A tremulous smile made an appearance. “You look like your brother.”
“Don’t I know it.”
“I’m Ellie.”
And because she was feeling extra generous, Jo leaned in to give her a fast hug. “I swear we’re not scary,” she whispered.
But as she caught the look on her brother’s face over Ellie’s shoulder, she wondered if maybe he’d told her differently.
**
Ellie could feel her heart rate beginning to normalize. Observing Jordan’s siblings and their spouses was a calming process of detail digestion; she catalogued information and didn’t have time to worry about the awkward tension she’d created out in the parking lot.
Jordan’s younger sister, Jo, truly could have been mistaken for his twin. They had the same hair, though Jo’s was long and thick, and the same blue-green eyes. She was slender like her brother, athletic, casual and comfortable and self-assured.
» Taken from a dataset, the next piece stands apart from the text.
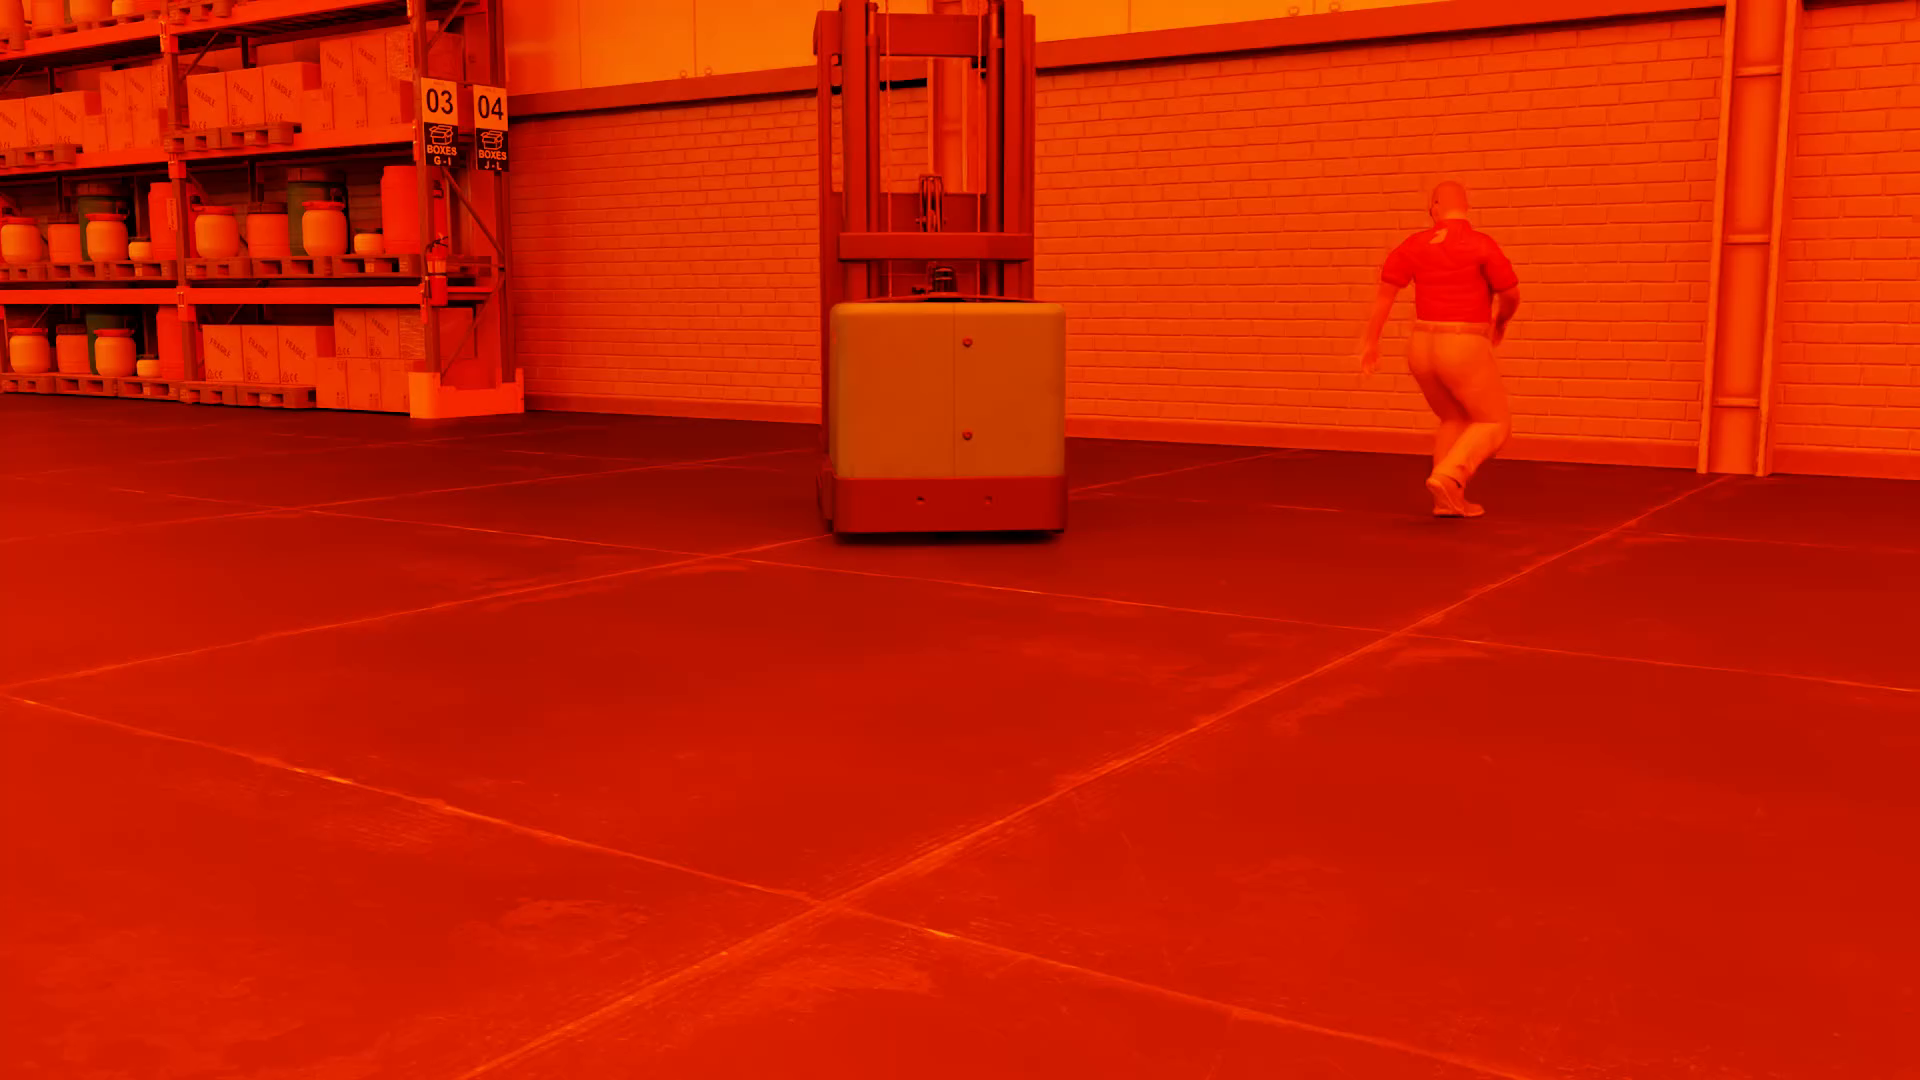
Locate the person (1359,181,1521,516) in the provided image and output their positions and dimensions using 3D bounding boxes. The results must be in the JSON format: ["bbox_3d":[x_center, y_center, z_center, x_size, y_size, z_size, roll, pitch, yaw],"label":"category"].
[{"bbox_3d":[2.433,-0.932,8.270,0.634,1.673,0.699,-5,10,-33],"label":"person"}]

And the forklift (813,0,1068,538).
[{"bbox_3d":[-0.196,-1.630,8.653,1.130,2.935,3.031,-1,8,-6],"label":"forklift"}]

The other sister, Jessica, was blonde, green-eyed and sleek all over like a sports car. Cool. Stingy with the smiles.
And if Delta wasn’t a Victoria’s Secret model, she’d missed a damn good chance to be one. She was the kind of woman who could have made burlap a fashion statement: elegant, sophisticated, beautiful to a point of implausibility. She and Jo were both pregnant, an oddity made all the odder by the knowledge that Delta’s husband, Jo’s brother Mike, was longtime friends with Tam.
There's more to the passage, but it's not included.